State the number of lines in the records that contain "stroke", with no other words.

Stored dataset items
Segment Open

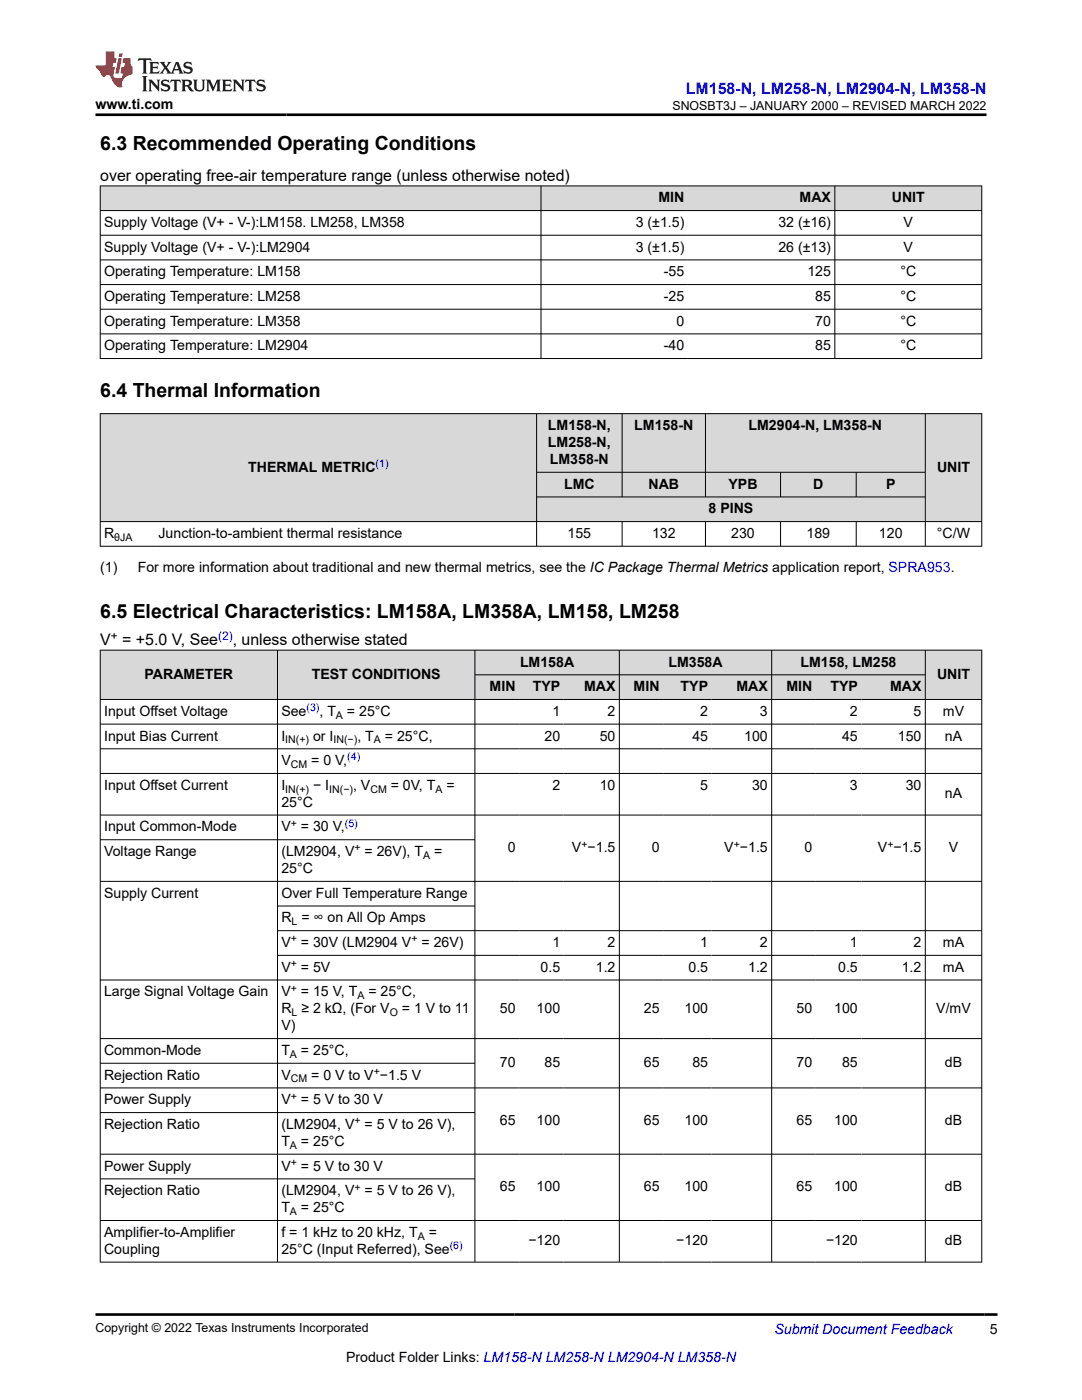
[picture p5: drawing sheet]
<svg xmlns="http://www.w3.org/2000/svg" width="216mm" height="279mm" viewBox="0 0 216 279" stroke-linecap="round" stroke-linejoin="round" font-family="sans-serif">
<defs><g id="words">
<g font-size="3.9">
<text x="20" y="29.9">6.3 Recommended Operating Conditions</text>
<text x="20" y="79.2">6.4 Thermal Information</text>
<text x="20" y="123.3">6.5 Electrical Characteristics: LM158A, LM358A, LM158, LM258</text>
</g>
<text font-size="3.2" fill="#00f" x="136.9" y="18.7">LM158-N, LM258-N, LM2904-N, LM358-N</text>
<g font-size="3.2">
<text x="20" y="36.1">over operating free-air temperature range (unless otherwise noted)</text>
<text x="20" y="128.7">V</text>
<text x="24.4" y="128.7">= +5.0 V, See</text>
<text x="46.4" y="128.7">, unless otherwise stated</text>
</g>
<g font-size="2.8">
<text x="19" y="21.8">www.ti.com</text>
<text x="131.4" y="40.4">MIN</text>
<text x="159.5" y="40.4">MAX</text>
<text x="178" y="40.4">UNIT</text>
<text x="20.8" y="45.3">Supply Voltage (V+ - V-):LM158. LM258, LM358</text>
<text x="126.9" y="45.3">3 (±1.5)</text>
<text x="155.3" y="45.3">32 (±16)</text>
<text x="180.3" y="45.3">V</text>
<text x="20.8" y="50.2">Supply Voltage (V+ - V-):LM2904</text>
<text x="126.9" y="50.2">3 (±1.5)</text>
<text x="155.3" y="50.2">26 (±13)</text>
<text x="180.3" y="50.2">V</text>
<text x="20.8" y="55.1">Operating Temperature: LM158</text>
<text x="132.5" y="55.1">-55</text>
<text x="161.1" y="55.1">125</text>
<text x="179.7" y="55.1">°C</text>
<text x="20.8" y="60.1">Operating Temperature: LM258</text>
<text x="20.8" y="65">Operating Temperature: LM358</text>
<text x="132.5" y="60.1">-25</text>
<text x="135" y="65">0</text>
<text x="162.7" y="60.1">85</text>
<text x="162.7" y="65">70</text>
<text x="179.7" y="60.1">°C</text>
<text x="179.7" y="65">°C</text>
<text x="20.8" y="69.9">Operating Temperature: LM2904</text>
<text x="132.5" y="69.9">-40</text>
<text x="162.7" y="69.9">85</text>
<text x="179.7" y="69.9">°C</text>
<text x="109.3" y="85.8">LM158-N,</text>
<text x="109.3" y="89.2">LM258-N,</text>
<text x="126.6" y="85.8">LM158-N</text>
<text x="149.4" y="85.8">LM2904-N, LM358-N</text>
<text x="49.5" y="94.1">THERMAL METRIC</text>
<text x="109.7" y="92.6">LM358-N</text>
<text x="187" y="94.1">UNIT</text>
<text x="112.5" y="97.5">LMC</text>
<text x="129.4" y="97.5">NAB</text>
<text x="145.4" y="97.5">YPB</text>
<text x="162.3" y="97.5">D</text>
<text x="176.8" y="97.5">P</text>
<text x="20.8" y="107.4">R</text>
<text x="31.6" y="107.4">Junction-to-ambient thermal resistance</text>
<text x="113.3" y="107.4">155</text>
<text x="130.1" y="107.4">132</text>
<text x="141.4" y="102.4">8 PINS</text>
<text x="145.9" y="107.4">230</text>
<text x="160.9" y="107.4">189</text>
<text x="175.4" y="107.4">120</text>
<text x="187" y="107.4">°C/W</text>
<text x="20" y="114.2">(1)</text>
<text x="27.5" y="114.2">For more information about traditional and new thermal metrics, see the IC Package Thermal Metrics application report, SPRA953.</text>
<text x="28.9" y="135.5">PARAMETER</text>
<text x="62.2" y="135.5">TEST CONDITIONS</text>
<text x="97.7" y="137.9">MIN</text>
<text x="103.8" y="133">LM158A</text>
<text x="106.3" y="137.9">TYP</text>
<text x="116.5" y="137.9">MAX</text>
<text x="126.4" y="137.9">MIN</text>
<text x="133.4" y="133">LM358A</text>
<text x="135.8" y="137.9">TYP</text>
<text x="146.9" y="137.9">MAX</text>
<text x="156.9" y="137.9">MIN</text>
<text x="159.7" y="133">LM158, LM258</text>
<text x="165.7" y="137.9">TYP</text>
<text x="177.6" y="137.9">MAX</text>
<text x="187" y="135.5">UNIT</text>
<text x="20.8" y="142.9">Input Offset Voltage</text>
<text x="56.1" y="142.9">See</text>
<text x="63.7" y="142.9">, T</text>
<text x="69.2" y="142.9">= 25°C</text>
<text x="110.2" y="142.9">1</text>
<text x="121.2" y="142.9">2</text>
<text x="139.7" y="142.9">2</text>
<text x="151.6" y="142.9">3</text>
<text x="169.6" y="142.9">2</text>
<text x="182.3" y="142.9">5</text>
<text x="188.1" y="142.9">mV</text>
<text x="20.8" y="147.8">Input Bias Current</text>
<text x="56.1" y="147.8">I</text>
<text x="62.5" y="147.8">or I</text>
<text x="71.3" y="147.8">, T</text>
<text x="76.8" y="147.8">= 25°C,</text>
<text x="108.6" y="147.8">20</text>
<text x="119.7" y="147.8">50</text>
<text x="138.2" y="147.8">45</text>
<text x="148.5" y="147.8">100</text>
<text x="168" y="147.8">45</text>
<text x="179.2" y="147.8">150</text>
<text x="188.5" y="147.8">nA</text>
<text x="56.1" y="152.7">V</text>
<text x="62.1" y="152.7">= 0 V,</text>
<text x="20.8" y="157.6">Input Offset Current</text>
<text x="56.1" y="157.6">I</text>
<text x="56.1" y="161">25°C</text>
<text x="62.5" y="157.6">− I</text>
<text x="70.4" y="157.6">, V</text>
<text x="78" y="157.6">= 0V, T</text>
<text x="89.1" y="157.6">=</text>
<text x="110.2" y="157.6">2</text>
<text x="119.7" y="157.6">10</text>
<text x="139.7" y="157.6">5</text>
<text x="150.1" y="157.6">30</text>
<text x="169.6" y="157.6">3</text>
<text x="180.7" y="157.6">30</text>
<text x="188.5" y="159.3">nA</text>
<text x="20.8" y="165.9">Input Common-Mode</text>
<text x="56.1" y="165.9">V</text>
<text x="60" y="165.9">= 30 V,</text>
<text x="20.8" y="170.9">Voltage Range</text>
<text x="56.1" y="170.9">(LM2904, V</text>
<text x="72.8" y="170.9">= 26V), T</text>
<text x="86.6" y="170.9">=</text>
<text x="101.3" y="170.1">0</text>
<text x="114.1" y="170.1">V −1.5</text>
<text x="130" y="170.1">0</text>
<text x="144.5" y="170.1">V −1.5</text>
<text x="160.5" y="170.1">0</text>
<text x="175.2" y="170.1">V −1.5</text>
<text x="189.3" y="170.1">V</text>
<text x="20.8" y="179.2">Supply Current</text>
<text x="56.1" y="179.2">Over Full Temperature Range</text>
<text x="56.1" y="174.2">25°C</text>
<text x="56.1" y="184.1">R = ∞ on All Op Amps</text>
<text x="56.1" y="189">V</text>
<text x="60" y="189">= 30V (LM2904 V</text>
<text x="84.1" y="189">= 26V)</text>
<text x="110.2" y="189">1</text>
<text x="121.2" y="189">2</text>
<text x="139.7" y="189">1</text>
<text x="151.6" y="189">2</text>
<text x="169.6" y="189">1</text>
<text x="182.3" y="189">2</text>
<text x="188.1" y="189">mA</text>
<text x="56.1" y="193.9">V</text>
<text x="60" y="193.9">= 5V</text>
<text x="107.9" y="193.9">0.5</text>
<text x="118.9" y="193.9">1.2</text>
<text x="137.4" y="193.9">0.5</text>
<text x="149.3" y="193.9">1.2</text>
<text x="167.3" y="193.9">0.5</text>
<text x="179.9" y="193.9">1.2</text>
<text x="188.1" y="193.9">mA</text>
<text x="20.8" y="198.9">Large Signal Voltage Gain</text>
<text x="56.1" y="202.2">R ≥ 2 kΩ, (For V</text>
<text x="56.1" y="198.9">V</text>
<text x="60" y="198.9">= 15 V, T</text>
<text x="73.5" y="198.9">= 25°C,</text>
<text x="80.2" y="202.2">= 1 V to 11</text>
<text x="99.7" y="202.2">50</text>
<text x="107.1" y="202.2">100</text>
<text x="128.5" y="202.2">25</text>
<text x="136.6" y="202.2">100</text>
<text x="159" y="202.2">50</text>
<text x="166.5" y="202.2">100</text>
<text x="186.8" y="202.2">V/mV</text>
<text x="56.1" y="205.6">V)</text>
<text x="20.8" y="210.5">Common-Mode</text>
<text x="20.8" y="215.5">Rejection Ratio</text>
<text x="56.1" y="210.5">T</text>
<text x="56.1" y="215.5">V</text>
<text x="60.1" y="210.5">= 25°C,</text>
<text x="62.1" y="215.5">= 0 V to V −1.5 V</text>
<text x="99.7" y="213">70</text>
<text x="108.6" y="213">85</text>
<text x="128.5" y="213">65</text>
<text x="138.2" y="213">85</text>
<text x="159" y="213">70</text>
<text x="168" y="213">85</text>
<text x="188.5" y="213">dB</text>
<text x="20.8" y="220.4">Power Supply</text>
<text x="56.1" y="220.4">V</text>
<text x="60" y="220.4">= 5 V to 30 V</text>
<text x="20.8" y="225.3">Rejection Ratio</text>
<text x="56.1" y="225.3">(LM2904, V</text>
<text x="72.8" y="225.3">= 5 V to 26 V),</text>
<text x="99.7" y="224.5">65</text>
<text x="107.1" y="224.5">100</text>
<text x="128.5" y="224.5">65</text>
<text x="136.6" y="224.5">100</text>
<text x="159" y="224.5">65</text>
<text x="166.5" y="224.5">100</text>
<text x="188.5" y="224.5">dB</text>
<text x="20.8" y="233.6">Power Supply</text>
<text x="56.1" y="228.7">T</text>
<text x="56.1" y="233.6">V</text>
<text x="60" y="233.6">= 5 V to 30 V</text>
<text x="60.1" y="228.7">= 25°C</text>
<text x="20.8" y="238.5">Rejection Ratio</text>
<text x="56.1" y="238.5">(LM2904, V</text>
<text x="72.8" y="238.5">= 5 V to 26 V),</text>
<text x="99.7" y="237.8">65</text>
<text x="107.1" y="237.8">100</text>
<text x="128.5" y="237.8">65</text>
<text x="136.6" y="237.8">100</text>
<text x="159" y="237.8">65</text>
<text x="166.5" y="237.8">100</text>
<text x="188.5" y="237.8">dB</text>
<text x="56.1" y="241.9">T</text>
<text x="60.1" y="241.9">= 25°C</text>
<text x="20.8" y="246.8">Amplifier-to-Amplifier</text>
<text x="20.8" y="250.2">Coupling</text>
<text x="56.1" y="246.8">f = 1 kHz to 20 kHz, T</text>
<text x="56.1" y="250.2">25°C (Input Referred), See</text>
<text x="85.5" y="246.8">=</text>
<text x="105.4" y="248.5">−120</text>
<text x="135" y="248.5">−120</text>
<text x="164.8" y="248.5">−120</text>
<text x="188.5" y="248.5">dB</text>
<text x="197.5" y="266.1">5</text>
<text x="69" y="271.7">Product Folder Links: LM158-N LM258-N LM2904-N LM358-N</text>
</g>
<text font-size="2.8" fill="#00f" x="154.5" y="266.2">Submit Document Feedback</text>
<g font-size="2.5">
<text x="134.2" y="21.9">SNOSBT3J – JANUARY 2000 – REVISED MARCH 2022</text>
<text x="19" y="265.9">Copyright © 2022 Texas Instruments Incorporated</text>
</g>
<text font-size="2.4" x="22.1" y="127.6">+</text>
<text font-size="2.4" fill="#00f" x="43.5" y="127.6">(2)</text>
<g font-size="2.1" fill="#00f">
<text x="74.9" y="93.2">(1)</text>
<text x="61.2" y="141.9">(3)</text>
<text x="69.3" y="151.8">(4)</text>
<text x="68.8" y="165">(5)</text>
<text x="89.7" y="249.3">(6)</text>
</g>
<g font-size="2.1">
<text x="22.8" y="107.9">θJA</text>
<text x="67" y="143.4">A</text>
<text x="56.9" y="148.4">IN(+)</text>
<text x="66.5" y="148.4">IN(−)</text>
<text x="74.6" y="148.4">A</text>
<text x="58" y="153.3">CM</text>
<text x="56.9" y="158.2">IN(+)</text>
<text x="65.7" y="158.2">IN(−)</text>
<text x="73.9" y="158.2">CM</text>
<text x="86.9" y="158.2">A</text>
<text x="58" y="165">+</text>
<text x="70.7" y="169.9">+</text>
<text x="84.4" y="171.4">A</text>
<text x="116" y="169.2">+</text>
<text x="146.4" y="169.2">+</text>
<text x="177.1" y="169.2">+</text>
<text x="58.2" y="184.7">L</text>
<text x="58" y="188.1">+</text>
<text x="82.1" y="188.1">+</text>
<text x="58" y="193">+</text>
<text x="58" y="197.9">+</text>
<text x="58.2" y="202.8">L</text>
<text x="71.3" y="199.4">A</text>
<text x="77.8" y="202.8">O</text>
<text x="57.9" y="211.1">A</text>
<text x="74.6" y="214.5">+</text>
<text x="58" y="216">CM</text>
<text x="58" y="219.5">+</text>
<text x="70.7" y="224.4">+</text>
<text x="57.9" y="229.3">A</text>
<text x="58" y="232.7">+</text>
<text x="70.7" y="237.6">+</text>
<text x="57.9" y="242.5">A</text>
<text x="83.4" y="247.4">A</text>
</g>
</g></defs>
<g fill="#d8d8d8">
<path d="M20 37.1h175.9v4.9h-175.9z" fill-rule="evenodd"/>
<path d="M20.1 37.2h87.8v4.8h-87.8z" fill-rule="evenodd"/>
<path d="M108 37.2h29.3v4.8h-29.3z" fill-rule="evenodd"/>
<path d="M137.3 37.2h29.2v4.8h-29.2z" fill-rule="evenodd"/>
<path d="M166.6 37.2h29.2v4.8h-29.2z" fill-rule="evenodd"/>
</g>
<path d="M19.9 37.1h176.1M20 37v34.6M107.9 37v34.6M166.6 37v34.6M195.9 37v34.6M19.9 42h176.1M19.9 46.9h176.1M19.9 51.9h176.1M19.9 56.8h176.1M19.9 61.7h176.1M19.9 66.6h176.1M19.9 71.6h176.1" fill="none" stroke="#000" stroke-width=".2"/>
<g fill="#d8d8d8">
<path d="M20 82.6h175.9v11.7h-175.9z" fill-rule="evenodd"/>
<path d="M20.1 82.6h86.9v21.4h-86.9z" fill-rule="evenodd"/>
<path d="M107.1 82.6h17v11.6h-17z" fill-rule="evenodd"/>
<path d="M124.2 82.6h16.5v11.6h-16.5z" fill-rule="evenodd"/>
<path d="M140.8 82.6h43.8v11.6h-43.8z" fill-rule="evenodd"/>
<path d="M184.7 82.6h11.1v21.4h-11.1z" fill-rule="evenodd"/>
<path d="M107.1 94.3h17v4.8h-17z" fill-rule="evenodd"/>
<path d="M124.2 94.3h16.5v4.8h-16.5z" fill-rule="evenodd"/>
<path d="M140.8 94.3h14.9v4.8h-14.9z" fill-rule="evenodd"/>
<path d="M155.8 94.3h15v4.8h-15z" fill-rule="evenodd"/>
<path d="M170.9 94.3h13.7v4.8h-13.7z" fill-rule="evenodd"/>
<path d="M107.1 99.2h77.5v4.8h-77.5z" fill-rule="evenodd"/>
</g>
<g fill="none" stroke="#000" stroke-width=".2">
<path d="M19.9 82.6h176.1M20 82.5v26.6M107.1 82.5v26.6M107.1 94.3h77.6M107.1 99.2h77.6M124.1 82.5v16.7M140.8 82.5v16.7M155.8 94.3v4.9M170.8 94.3v4.9M184.6 82.5v26.6M195.9 82.5v26.6M19.9 104.1h176.1"/>
<path d="M19.9 109h176.1M124.1 104.1v5M140.8 104.1v5M155.8 104.1v5M170.8 104.1v5"/>
</g>
<g fill="#d8d8d8">
<path d="M20 129.8h175.9v4.9h-175.9z" fill-rule="evenodd"/>
<path d="M20.1 129.8h35.2v9.7h-35.2z" fill-rule="evenodd"/>
<path d="M55.4 129.8h39.3v9.7h-39.3z" fill-rule="evenodd"/>
<path d="M94.8 129.8h28.7v4.8h-28.7z" fill-rule="evenodd"/>
<path d="M123.6 129.8h30.3v4.8h-30.3z" fill-rule="evenodd"/>
<path d="M154 129.8h30.6v4.8h-30.6z" fill-rule="evenodd"/>
<path d="M184.7 129.8h11.1v9.7h-11.1z" fill-rule="evenodd"/>
<path d="M94.8 134.7h8.8v4.8h-8.8z" fill-rule="evenodd"/>
<path d="M103.6 134.7h8.9v4.8h-8.9z" fill-rule="evenodd"/>
<path d="M112.5 134.7h11v4.8h-11z" fill-rule="evenodd"/>
<path d="M123.6 134.7h8.7v4.8h-8.7z" fill-rule="evenodd"/>
<path d="M132.3 134.7h9.7v4.8h-9.7z" fill-rule="evenodd"/>
<path d="M142 134.7h11.9v4.8h-11.9z" fill-rule="evenodd"/>
<path d="M154 134.7h8.8v4.8h-8.8z" fill-rule="evenodd"/>
<path d="M162.8 134.7h9.1v4.8h-9.1z" fill-rule="evenodd"/>
<path d="M171.9 134.7h12.7v4.8h-12.7z" fill-rule="evenodd"/>
</g>
<g fill="none" stroke="#000" stroke-width=".2">
<path d="M19.9 129.8h176.1M19.9 139.6h176.1M20 129.7v122.2M55.4 129.7v122.2M94.8 129.7v122.2M94.8 134.7h89.9M123.6 129.7v122.2M154 129.7v122.2M184.6 129.7v122.2M195.9 129.7v122.2M19.9 144.5h176.1M19.9 149.4h176.1"/>
<path d="M19.9 154.4h176.1M19.9 162.7h176.1M19.9 167.6h74.9M19.9 175.9h176.1M55.4 180.8h39.4M55.4 185.7h140.6M55.4 190.7h140.6M196 195.6h-176.1M19.9 207.3h176.1M19.9 212.2h74.9M19.9 217.1h176.1M19.9 222h74.9"/>
<path d="M19.9 230.3h176.1M19.9 235.3h74.9M19.9 243.6h176.1M19.9 251.9h176.1"/>
</g>
<path d="M27.7 11.6l-.2 .6 .5-.2h.6v.1v2.2l-.2 .4h1l-.2-.4v-2.2v-.1h.5l.5 .2-.1-.6zM29.8 12.4l.2 .3v1.6l-.2 .4h1.9l.1-.6a1.08 1.08 0 0 1-1.3 .2v-.7h.6l.4 .2v-.7l-.4 .2h-.6v-.5l.2-.2a1 1 0 0 1 1 .3l-.1-.5zM31.8 12.4l1 1.1-1 1.2h.9l-.2-.2 .4-.8 .5 .8-.2 .2h1.6l-.2-.2 .1-.5h1l.1 .5-.1 .2h.9l-.2-.4-.8-1.9h-.5l-1 2.1-.8-1.1 .9-1h-.8l.2 .2-.5 .6-.3-.6 .1-.2zM35.2 12.8l.4 1h-.8zM36.8 12.5a.65 .65 0 0 0-.2 .7 .65 .65 0 0 0 .6 .5l.7 .1 .1 .3a.79 .79 0 0 1-.7 .4 .79 .79 0 0 1-.7-.5l.1 .7 .2-.1a.93 .93 0 0 0 1.1 0 .93 .93 0 0 0 .4-.9 1.46 1.46 0 0 0-1.2-.6l-.1-.3a1.09 1.09 0 0 1 1.2 .2l-.2-.6-.1 .1-.6-.2zM28.4 15.2l.2 .4v2.2l-.2 .4h1l-.2-.4v-2.2l.2-.4zM29.6 15.9l.2 .4v1.5l-.2 .4h.8l-.3-.4v-1.3l1.7 1.8v-2l.2-.4h-.8l.2 .2 .1 1.1-1.2-1.3zM32.3 16a.65 .65 0 0 0-.2 .8 .65 .65 0 0 0 .7 .4l.6 .2 .1 .2a.79 .79 0 0 1-.7 .4 .79 .79 0 0 1-.7-.5l.1 .7 .2-.1a.93 .93 0 0 0 1.1 .1 .93 .93 0 0 0 .4-1 1.46 1.46 0 0 0-1.2-.5l-.1-.4a1.09 1.09 0 0 1 1.2 .2l-.2-.6-.1 .1-.6-.1zM34.1 15.9l-.1 .6a.63 .63 0 0 1 .7-.3l.1 1.6-.3 .4h1l-.2-.4v-1.6a.66 .66 0 0 1 .8 .3l-.1-.6zM36.2 15.9l.2 .4v1.5l-.2 .4h.9l-.2-.2v-.7h.5l.1 .2a.79 .79 0 0 0 1.2 .6l-1-.9a.61 .61 0 0 0 .6-.6 .61 .61 0 0 0-.5-.7zM36.9 16.2h.2a.47 .47 0 0 1 .5 .1 .47 .47 0 0 1 .1 .5l-.2 .1-.6 .1zM38.5 15.9l.2 .2a2.27 2.27 0 0 0 .4 2 1.04 1.04 0 0 0 1.7-.7v-1.3l.2-.2h-.8l.2 .4v1.1a.6 .6 0 0 1-.6 .6 .6 .6 0 0 1-.6-.6v-1.1l.3-.4zM41.1 15.9l.2 .4v1.5l-.2 .4h.7l-.2-.4v-1.4l.9 1.9 .8-1.9v1.4l-.2 .4h1l-.3-.4v-1.5l.3-.4h-.8l-.7 1.5-.7-1.5zM44.3 15.9l.2 .4v1.5l-.2 .4h1.9l.1-.6a1.09 1.09 0 0 1-1.3 .2v-.7h.6l.4 .2v-.6l-.4 .2h-.6v-.6l.2-.1a1.01 1.01 0 0 1 1 .3l-.1-.6zM46.4 15.9l.3 .4v1.5l-.3 .4h.8l-.2-.4v-1.3l1.6 1.8v-2l.2-.4h-.7l.2 .2v1.1l-1.2-1.3zM49 15.9l-.1 .6a.63 .63 0 0 1 .8-.3v1.6l-.3 .4h1l-.2-.4v-1.6a.66 .66 0 0 1 .8 .3l-.1-.6zM51.4 16a.65 .65 0 0 0-.2 .8 .65 .65 0 0 0 .6 .4l.6 .2 .2 .2a.79 .79 0 0 1-.8 .4 .79 .79 0 0 1-.6-.5l.1 .7 .2-.1a.93 .93 0 0 0 1 .1 .93 .93 0 0 0 .5-1 1.46 1.46 0 0 0-1.3-.5l-.1-.4a1.09 1.09 0 0 1 1.3 .2l-.2-.6-.2 .1-.5-.1z" fill="#231f20"/>
<path d="M21.1 10.3v2.7h-2.1l.1 .4 .9 1a.95 .95 0 0 0 .9 .9 .59 .59 0 0 1 .6-.4 .59 .59 0 0 1 .5 .3l.4 .8a1.59 1.59 0 0 0 2.1 1.4 1.61 1.61 0 0 1 1-2.3l1-.3-.1-1.5a1.59 1.59 0 0 1-.4-1.7h-1.4l-.2 .9h.5l-.1 .9h-.5l-.2 .9v.3l.4 .1-.2 .9h-.6a.73 .73 0 0 1-1.1-.7l.3-1.5h-.5l.2-.9h.5l.2-.9h-.5v-1.3zM23.6 11.6l-.6 3.1h.7l.6-3.1zM23.8 10.7l-.1 .6h.7l.1-.6z" fill="#ed1c24"/>
<path d="M19 22.9h177.8M19 262.3h180" fill="none" stroke="#000" stroke-width=".53"/>
<use href="#words"/>
</svg>

Segment Closed

Written answer
5